November 26th, 2017 by Roger Darlington

“Nutshell” (2016) is McEwan’s latest and 14th novel in a distinguished writing career and it is the sixth that I have read (“Atonement” was the most impressive). The word of the title never appears in the text but only in a preliminary quote from Shakespeare’s “Hamlet” which makes it clear that this story is a kind of reworking of that of the Prince of Denmark. While Hamlet’s mother was called Gertrude and his uncle was Claudius, the narrator of “Nutshell” has a mother called Trudy and an uncle Claude, so the allusions are obvious.
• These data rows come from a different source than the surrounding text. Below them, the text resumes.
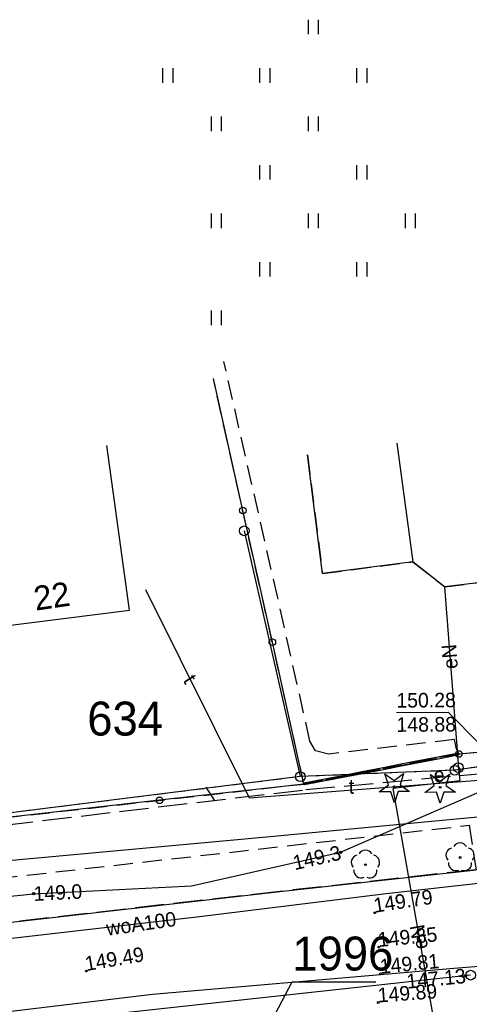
# Model space of a CAD drawing. Extents: x 7582895 to 7584772, y 6020395 to 6021139.
# Tile 40 of 49: x 7584407 to 7584430, y 6020715 to 6020766. Entities that reach past the tile are written whole.
import ezdxf
from ezdxf.enums import TextEntityAlignment as Align

# ---------------------------------------------------------------- set-up
doc = ezdxf.new("R2010")
doc.units = 0
for name, pattern in [('1_OTKC', [1.5, 1, -0.5]), ('1_OTKJ', [2, 1.5, -0.5]), ('1_OTKK', [0]), ('1_OTZI', [1.5, 1, -0.5]), ('1_OTZT', [1.5, 1, -0.5]), ('3_EGBN', [0]), ('3_EGBU_A', [0]), ('4_SUEP_A', [0]), ('4_SUGP', [0]), ('4_SUKP', [0]), ('4_SULO', [0]), ('4_SUPP_P', [2, 1.5, -0.5]), ('4_SUTP_A', [0]), ('4_SUWP', [0]), ('GDE', [0]), ('GUZ', [1, 0.5, -0.5])]:
    doc.linetypes.add(name, pattern=pattern)
doc.layers.get('0').update_dxf_attribs({"linetype": 'CONTINUOUS'})
for name, color, linetype in [('Dzialki', 7, 'GDE'), ('EADTD_T_0', 216, 'CONTINUOUS'), ('EGBB_L_0', 36, '3_EGBU_A'), ('EGBC_L_0', 7, '3_EGBN'), ('Numery_dzialek', 7, 'CONTINUOUS'), ('OTD_L_12', 7, 'CONTINUOUS'), ('OTK_L_0', 7, '1_OTKJ'), ('OTK_L_1', 7, '1_OTKK'), ('OTK_L_2', 7, '1_OTKC'), ('OTO_L_0', 7, 'CONTINUOUS'), ('OTO_L_1', 7, 'CONTINUOUS'), ('OTR_T_0', 7, 'CONTINUOUS'), ('OTZ_L_3', 7, '1_OTZT'), ('OTZ_T_0', 96, 'CONTINUOUS'), ('OTZ_T_1', 96, 'CONTINUOUS'), ('P_SUTP_L_0', 30, '4_SUPP_P'), ('Punkty', 7, 'CONTINUOUS'), ('SUEP_E_T_0', 1, 'CONTINUOUS'), ('SUEP_L_0', 1, '4_SUEP_A'), ('SUGP_L_0', 52, '4_SUGP'), ('SUK_T_3', 36, 'CONTINUOUS'), ('SUKP_L_0', 36, '4_SUKP'), ('SUKR_T_0', 36, 'CONTINUOUS'), ('SUL_L_1', 7, '4_SULO'), ('SUP_E_T_1', 7, 'CONTINUOUS'), ('SUP_T_4', 7, 'CONTINUOUS'), ('SUTP_E_T_0', 30, 'CONTINUOUS'), ('SUTP_L_0', 30, '4_SUTP_A'), ('SUTR_T_0', 30, 'CONTINUOUS'), ('SUWP_E_T_0', 5, 'CONTINUOUS'), ('SUWP_L_0', 5, '4_SUWP'), ('Uzytki', 3, 'GUZ')]:
    doc.layers.add(name, color=color, linetype=linetype)

# ---------------------------------------------------------------- blocks, each defined once
blk = doc.blocks.new('GRT')
at = {"linetype": 'CONTINUOUS'}
blk.add_circle((0, 0), 0.25, dxfattribs=at)
blk = doc.blocks.new('1_OTRS')
at = {"linetype": 'CONTINUOUS'}
blk.add_circle((0, 0), 0.045, dxfattribs=at)
blk = doc.blocks.new('1_OTZG')
at = {"linetype": 'CONTINUOUS'}
for p, q in [((-0.3012, 0.0938), (-0.4937, 0.6621)), ((-0.4937, 0.6621), (-0.0039, 0.3155)), ((-0.0039, 0.3155), (0.4771, 0.6742)), ((0.4771, 0.6742), (0.2988, 0.1012)), ((-0.7823, -0.265), (-0.3012, 0.0938)), ((0.2988, 0.1012), (0.7886, -0.2455)), ((-0.1823, -0.2575), (-0.7823, -0.265)), ((0.0103, -0.8259), (-0.1823, -0.2575)), ((0.1886, -0.2529), (0.0103, -0.8259)), ((0.7886, -0.2455), (0.1886, -0.2529))]:
    blk.add_line(p, q, dxfattribs=at)
blk.add_circle((0, 0), 0.045, dxfattribs=at)
blk = doc.blocks.new('1_OTZL')
at = {"linetype": 'CONTINUOUS'}
blk.add_circle((0, 0), 0.045, dxfattribs=at)
for centre, start, end in [((0, 0.375), 30.1401, 149.8599), ((-0.357, 0.116), 102.1445, 221.86), ((0.357, 0.116), 318.14, 77.8555), ((-0.22, -0.303), 174.1482, 293.8542), ((0.22, -0.303), 246.1458, 5.8518)]:
    blk.add_arc(centre, 0.375, start, end, dxfattribs=at)
blk = doc.blocks.new('1_OTZT')
at = {"linetype": 'CONTINUOUS'}
for p, q in [((-0.2625, -0.375), (-0.2625, 0.375)), ((0.2625, -0.375), (0.2625, 0.375))]:
    blk.add_line(p, q, dxfattribs=at)
blk = doc.blocks.new('4_SUKS')
at = {"linetype": 'CONTINUOUS'}
blk.add_circle((0, 0), 0.25, dxfattribs=at)
blk = doc.blocks.new('4_SUPS')
at = {"linetype": 'CONTINUOUS'}
blk.add_circle((0, 0), 0.0625, dxfattribs=at)
blk = doc.blocks.new('4_SUPW')
at = {"linetype": 'CONTINUOUS'}
blk.add_circle((0, 0), 0.25, dxfattribs=at)

msp = doc.modelspace()

# ---------------------------------------------------------------- linework, layer by layer
at = {"layer": 'Dzialki'}
for p, q in [((7584418.86, 6020739.41), (7584421.75, 6020726.73)), ((7584434.03, 6020727.67), (7584429.72, 6020727.06)), ((7584429.72, 6020727.06), (7584421.75, 6020726.73)), ((7584421.75, 6020726.73), (7584401.75, 6020724.23))]:
    msp.add_line(p, q, dxfattribs=at)
at = {"layer": 'EGBB_L_0', "linetype": '3_EGBU_A'}
for p, q in [((7584412.95, 6020735.31), (7584411.78, 6020743.81)), ((7584422.89, 6020737.21), (7584422.12, 6020743.33)), ((7584427.55, 6020737.81), (7584422.89, 6020737.21)), ((7584429.19, 6020736.52), (7584427.55, 6020737.81)), ((7584440.04, 6020737.85), (7584429.19, 6020736.52)), ((7584404.96, 6020734.31), (7584412.95, 6020735.31))]:
    msp.add_line(p, q, dxfattribs=at)
at = {"layer": 'EGBC_L_0', "linetype": '3_EGBN'}
for p, q in [((7584426.73, 6020743.93), (7584427.55, 6020737.81)), ((7584422.89, 6020737.21), (7584422.12, 6020743.33)), ((7584427.55, 6020737.81), (7584422.89, 6020737.21))]:
    msp.add_line(p, q, dxfattribs=at)
at = {"layer": 'Numery_dzialek', "linetype": 'CONTINUOUS'}
for p, q in [((7584417.293, 6020708.556), (7584421.338, 6020716.144)), ((7584421.338, 6020716.144), (7584425.645, 6020716.144))]:
    msp.add_line(p, q, dxfattribs=at)
at = {"layer": 'OTD_L_12'}
for p, q in [((7584427.93, 6020727.56), (7584426.93, 6020727.37)), ((7584428.93, 6020727.75), (7584427.93, 6020727.56)), ((7584428.95, 6020727.65), (7584427.95, 6020727.46)), ((7584428.43, 6020727.66), (7584428.35, 6020727.54)), ((7584428.53, 6020727.67), (7584428.45, 6020727.56)), ((7584429.92, 6020727.95), (7584428.93, 6020727.75)), ((7584429.94, 6020727.85), (7584428.95, 6020727.65)), ((7584429.43, 6020727.85), (7584429.34, 6020727.73)), ((7584429.53, 6020727.87), (7584429.44, 6020727.75)), ((7584429.94, 6020727.85), (7584429.92, 6020727.95)), ((7584425.93, 6020727.17), (7584424.93, 6020726.98)), ((7584425.95, 6020727.07), (7584424.95, 6020726.88)), ((7584425.43, 6020727.07), (7584425.35, 6020726.96)), ((7584425.53, 6020727.09), (7584425.45, 6020726.98)), ((7584426.93, 6020727.37), (7584425.93, 6020727.17)), ((7584426.95, 6020727.27), (7584425.95, 6020727.07)), ((7584426.43, 6020727.27), (7584426.35, 6020727.15)), ((7584426.53, 6020727.29), (7584426.45, 6020727.17)), ((7584427.95, 6020727.46), (7584426.95, 6020727.27)), ((7584427.43, 6020727.46), (7584427.35, 6020727.34)), ((7584427.53, 6020727.48), (7584427.45, 6020727.36)), ((7584422.93, 6020726.59), (7584421.94, 6020726.4)), ((7584422.95, 6020726.49), (7584421.95, 6020726.3)), ((7584422.43, 6020726.49), (7584422.35, 6020726.38)), ((7584422.53, 6020726.51), (7584422.45, 6020726.4)), ((7584423.93, 6020726.78), (7584422.93, 6020726.59)), ((7584423.95, 6020726.69), (7584422.95, 6020726.49)), ((7584423.43, 6020726.69), (7584423.35, 6020726.57)), ((7584423.53, 6020726.71), (7584423.45, 6020726.59)), ((7584424.93, 6020726.98), (7584423.93, 6020726.78)), ((7584424.95, 6020726.88), (7584423.95, 6020726.69)), ((7584424.43, 6020726.88), (7584424.35, 6020726.76)), ((7584424.53, 6020726.9), (7584424.45, 6020726.78)), ((7584421.95, 6020726.3), (7584421.94, 6020726.4))]:
    msp.add_line(p, q, dxfattribs=at)
at = {"layer": 'OTK_L_0', "linetype": '1_OTKJ'}
for p, q in [((7584430.81, 6020721.93), (7584420.7, 6020720.81)), ((7584420.7, 6020720.81), (7584406.72, 6020719.21))]:
    msp.add_line(p, q, dxfattribs=at)
at = {"layer": 'OTK_L_1', "linetype": '1_OTKK'}
for p, q in [((7584420.7, 6020720.81), (7584430.81, 6020721.93)), ((7584406.72, 6020719.21), (7584420.7, 6020720.81))]:
    msp.add_line(p, q, dxfattribs=at)
at = {"layer": 'OTK_L_2', "linetype": '1_OTKC'}
for p, q in [((7584420.59, 6020735.95), (7584417.81, 6020748.15)), ((7584422.12, 6020743.33), (7584422.89, 6020737.21)), ((7584422.89, 6020737.21), (7584427.56, 6020737.81)), ((7584427.56, 6020737.81), (7584429.2, 6020736.52)), ((7584429.2, 6020736.52), (7584440.04, 6020737.85)), ((7584422.25, 6020728.56), (7584420.59, 6020735.95)), ((7584422.53, 6020728.06), (7584422.25, 6020728.56)), ((7584429.7, 6020728.65), (7584423.21, 6020727.89)), ((7584429.8, 6020728.14), (7584429.7, 6020728.65)), ((7584423.21, 6020727.89), (7584422.53, 6020728.06)), ((7584429.93, 6020727.9), (7584429.8, 6020728.14)), ((7584429.93, 6020727.9), (7584433.76, 6020728.28)), ((7584421.94, 6020726.35), (7584429.93, 6020727.9)), ((7584406.33, 6020724.59), (7584421.94, 6020726.35)), ((7584406.17, 6020721.48), (7584430.46, 6020724.22)), ((7584430.46, 6020724.22), (7584430.81, 6020721.93))]:
    msp.add_line(p, q, dxfattribs=at)
at = {"layer": 'OTO_L_0'}
for p, q in [((7584418.79, 6020740.46), (7584417.27, 6020747.26)), ((7584420.31, 6020733.67), (7584418.79, 6020740.46)), ((7584421.94, 6020726.35), (7584420.31, 6020733.67)), ((7584421.94, 6020726.35), (7584414.49, 6020725.51)), ((7584414.49, 6020725.51), (7584406.33, 6020724.59))]:
    msp.add_line(p, q, dxfattribs=at)
for centre in [(7584418.79, 6020740.46), (7584420.31, 6020733.67), (7584414.49, 6020725.51)]:
    msp.add_circle(centre, 0.17, dxfattribs=at)
at = {"layer": 'OTO_L_1'}
msp.add_line((7584429.93, 6020727.9), (7584431.23, 6020728.03), dxfattribs=at)
msp.add_circle((7584429.93, 6020727.9), 0.17, dxfattribs=at)
at = {"layer": 'OTZ_L_3', "linetype": '1_OTZI'}
for p, q in [((7584420.59, 6020735.95), (7584417.81, 6020748.15)), ((7584421.94, 6020726.35), (7584417.27, 6020747.26)), ((7584422.25, 6020728.56), (7584420.59, 6020735.95)), ((7584422.53, 6020728.06), (7584422.25, 6020728.56)), ((7584429.7, 6020728.65), (7584423.21, 6020727.89)), ((7584429.8, 6020728.14), (7584429.7, 6020728.65)), ((7584423.21, 6020727.89), (7584422.53, 6020728.06)), ((7584429.93, 6020727.9), (7584429.8, 6020728.14)), ((7584429.93, 6020727.9), (7584421.94, 6020726.35))]:
    msp.add_line(p, q, dxfattribs=at)
at = {"layer": 'P_SUTP_L_0', "linetype": '4_SUPP_P'}
for p, q in [((7584422.03, 6020726.06), (7584438.4, 6020727.57)), ((7584384.63, 6020721.66), (7584422.03, 6020726.06)), ((7584417.33, 6020725.51), (7584416.9, 6020726.19))]:
    msp.add_line(p, q, dxfattribs=at)
at = {"layer": 'SUEP_L_0', "linetype": '4_SUEP_A'}
for p, q in [((7584429.19, 6020736.52), (7584429.9, 6020727.19)), ((7584429.9, 6020727.19), (7584429.98, 6020726.52)), ((7584429.98, 6020726.52), (7584426.52, 6020726.12)), ((7584426.52, 6020726.12), (7584428.65, 6020714.02))]:
    msp.add_line(p, q, dxfattribs=at)
at = {"layer": 'SUGP_L_0', "linetype": '4_SUGP'}
for p, q in [((7584449.38, 6020718.37), (7584429.66, 6020716.84)), ((7584429.66, 6020716.84), (7584414.14, 6020715.49)), ((7584414.14, 6020715.49), (7584395.62, 6020713.27))]:
    msp.add_line(p, q, dxfattribs=at)
at = {"layer": 'SUKP_L_0', "linetype": '4_SUKP'}
msp.add_line((7584430.53, 6020716.49), (7584412.71, 6020714.55), dxfattribs=at)
at = {"layer": 'SUKR_T_0', "linetype": 'CONTINUOUS'}
for p in [(7584426.71, 6020730.04), (7584430.99, 6020728.42)]:
    msp.add_line(p, (7584429.37, 6020730.06), dxfattribs=at)
at = {"layer": 'SUL_L_1', "linetype": '4_SULO'}
for p, q in [((7584423.83, 6020722.83), (7584434.75, 6020727.59)), ((7584396.49, 6020719.55), (7584408, 6020720.69))]:
    msp.add_line(p, q, dxfattribs=at)
at = {"layer": 'SUTP_L_0', "linetype": '4_SUTP_A'}
for p, q in [((7584413.77, 6020736.38), (7584419.12, 6020725.64)), ((7584423.83, 6020722.83), (7584434.75, 6020727.59)), ((7584419.12, 6020725.64), (7584439.4, 6020727.2)), ((7584439.04, 6020725.41), (7584428.71, 6020724.44)), ((7584428.71, 6020724.44), (7584420.2, 6020723.63)), ((7584420.2, 6020723.63), (7584399.02, 6020721.69)), ((7584416.15, 6020721.1), (7584423.83, 6020722.83)), ((7584408, 6020720.69), (7584416.15, 6020721.1)), ((7584396.49, 6020719.55), (7584408, 6020720.69))]:
    msp.add_line(p, q, dxfattribs=at)
at = {"layer": 'SUWP_L_0', "linetype": '4_SUWP'}
for p, q in [((7584431.54, 6020721.29), (7584426.17, 6020720.69)), ((7584426.17, 6020720.69), (7584416.41, 6020719.48)), ((7584416.41, 6020719.48), (7584401.74, 6020717.8))]:
    msp.add_line(p, q, dxfattribs=at)
at = {"layer": 'Uzytki'}
for p, q in [((7584434.03, 6020727.67), (7584429.72, 6020727.06)), ((7584429.72, 6020727.06), (7584421.75, 6020726.73)), ((7584421.75, 6020726.73), (7584401.75, 6020724.23))]:
    msp.add_line(p, q, dxfattribs=at)

# ---------------------------------------------------------------- block references
at = {"layer": 'OTR_T_0'}
for p in [(7584425.59, 6020719.71), (7584425.79, 6020717.94)]:
    msp.add_blockref('1_OTRS', p, dxfattribs=at)
at = {"layer": 'OTR_T_0', "rotation": 0.413872}
for p in [(7584410.72, 6020716.7), (7584425.89, 6020716.56), (7584425.77, 6020715.08)]:
    msp.add_blockref('1_OTRS', p, dxfattribs=at)
at = {"layer": 'OTZ_L_3'}
for p in [(7584422.43, 6020765.4), (7584414.93, 6020762.9), (7584419.93, 6020762.9), (7584424.93, 6020762.9), (7584417.43, 6020760.4), (7584422.43, 6020760.4), (7584419.93, 6020757.9), (7584424.93, 6020757.9), (7584417.43, 6020755.4), (7584422.43, 6020755.4), (7584427.43, 6020755.4), (7584419.93, 6020752.9), (7584424.93, 6020752.9), (7584417.43, 6020750.4)]:
    msp.add_blockref('1_OTZT', p, dxfattribs=at)
at = {"layer": 'OTZ_T_0'}
for p in [(7584425.11, 6020722.19), (7584429.99, 6020722.56)]:
    msp.add_blockref('1_OTZL', p, dxfattribs=at)
at = {"layer": 'OTZ_T_1'}
for p in [(7584426.6, 6020726.21), (7584428.96, 6020726.18)]:
    msp.add_blockref('1_OTZG', p, dxfattribs=at)
at = {"layer": 'Punkty'}
for p in [(7584418.86, 6020739.41), (7584429.72, 6020727.06), (7584421.75, 6020726.73)]:
    msp.add_blockref('GRT', p, dxfattribs=at)
at = {"layer": 'SUK_T_3'}
msp.add_blockref('4_SUKS', (7584430.53, 6020716.49), dxfattribs=at)
at = {"layer": 'SUKR_T_0'}
msp.add_blockref('4_SUPS', (7584430.28, 6020716.46), dxfattribs=at)
at = {"layer": 'SUP_T_4', "rotation": 3.426723}
msp.add_blockref('4_SUPW', (7584429.9, 6020727.19), dxfattribs=at)
at = {"layer": 'SUTR_T_0'}
for p in [(7584423.83, 6020722.83), (7584408, 6020720.69)]:
    msp.add_blockref('4_SUPS', p, dxfattribs=at)

# ---------------------------------------------------------------- texts
at = {"layer": 'EADTD_T_0'}
msp.add_text('22', height=1.25, rotation=8.3439, dxfattribs=at).set_placement((7584408.11, 6020735.29))
at = {"layer": 'Numery_dzialek'}
for s, p in [('634', (7584410.77, 6020730.6)), ('1996', (7584421.34, 6020718.48))]:
    msp.add_text(s, height=1.75, dxfattribs=at).set_placement(p, align=Align.TOP_LEFT)
at = {"layer": 'OTR_T_0'}
for s, rotation, p in [('149.79', 8.7734, (7584425.59, 6020719.71)), ('149.85', 5.5849, (7584425.79, 6020717.94)), ('149.49', 9.7441, (7584410.72, 6020716.7)), ('149.81', 5.568, (7584425.89, 6020716.56)), ('149.89', 4.1323, (7584425.77, 6020715.08))]:
    msp.add_text(s, height=0.75, rotation=rotation, dxfattribs=at).set_placement(p)
at = {"layer": 'SUEP_E_T_0'}
for rotation, p in [(94.3337, (7584429.46, 6020732.92)), (100.0141, (7584427.87, 6020718.46))]:
    msp.add_text('eN', height=0.75, rotation=rotation, dxfattribs=at).set_placement(p, align=Align.MIDDLE)
at = {"layer": 'SUKR_T_0'}
for s, p in [('150.28', (7584426.7, 6020731.04)), ('148.88', (7584426.71, 6020729.79))]:
    msp.add_text(s, height=0.75, rotation=0.4139, dxfattribs=at).set_placement(p, align=Align.TOP_LEFT)
msp.add_text('147.13', height=0.75, rotation=5.5566, dxfattribs=at).set_placement((7584430.28, 6020716.46), align=Align.MIDDLE_RIGHT)
at = {"layer": 'SUP_E_T_1'}
msp.add_text('e', height=0.75, dxfattribs=at).set_placement((7584428.63, 6020727.2), align=Align.TOP_LEFT)
at = {"layer": 'SUTP_E_T_0'}
for rotation, p in [(302.4192, (7584416.07, 6020731.77)), (0.4139, (7584424.39, 6020726.22))]:
    msp.add_text('t', height=0.75, rotation=rotation, dxfattribs=at).set_placement(p, align=Align.MIDDLE)
at = {"layer": 'SUTR_T_0'}
msp.add_text('149.3', height=0.75, rotation=12.9225, dxfattribs=at).set_placement((7584423.83, 6020722.83), align=Align.MIDDLE_RIGHT)
msp.add_text('149.0', height=0.75, rotation=2.8799, dxfattribs=at).set_placement((7584408, 6020720.69), align=Align.MIDDLE_LEFT)
at = {"layer": 'SUWP_E_T_0'}
msp.add_text('woA100', height=0.75, rotation=8.14, dxfattribs=at).set_placement((7584413.55, 6020719.15), align=Align.MIDDLE)

doc.saveas('drawing.dxf')

The big difference between Hamlet and this narrator is that the latter is a male foetus in third tremester. This might seem rather limiting for the point of view of a novel, but Ewan enables his unborn child to hear everything his mother hears including a lot of radio and an extensive range of podcasts. Now this is a device I have myself used for a short story, but McEwan takes the notion much further by enabling his foetus not only to understand and remember all he hears but to talk about it with literary style and vocabulary that would exceed the talents of a university graduate in any subject except English Literature (phrases like “his banality as finely wrought as the arabesques of the Blue Mosque” and “a poem of four stanzas of trochaic tetrameters catalectic” and words such as “aubade” and exequy”). Most notably, the author shows off his erudition regarding wine and poetry.

If one can forgive McEwan this literary conceit and accept the limited confines of the narrator (always in the womb of a mother who is always in a £ 8M north London house), this is a beautifully-written and entertaining read with not just the outline of a crime but expositions on the state of the modern world. The narrator may inhabit a “nutshell’ but,as Shakespeare would put it, he is “king of infinite space”.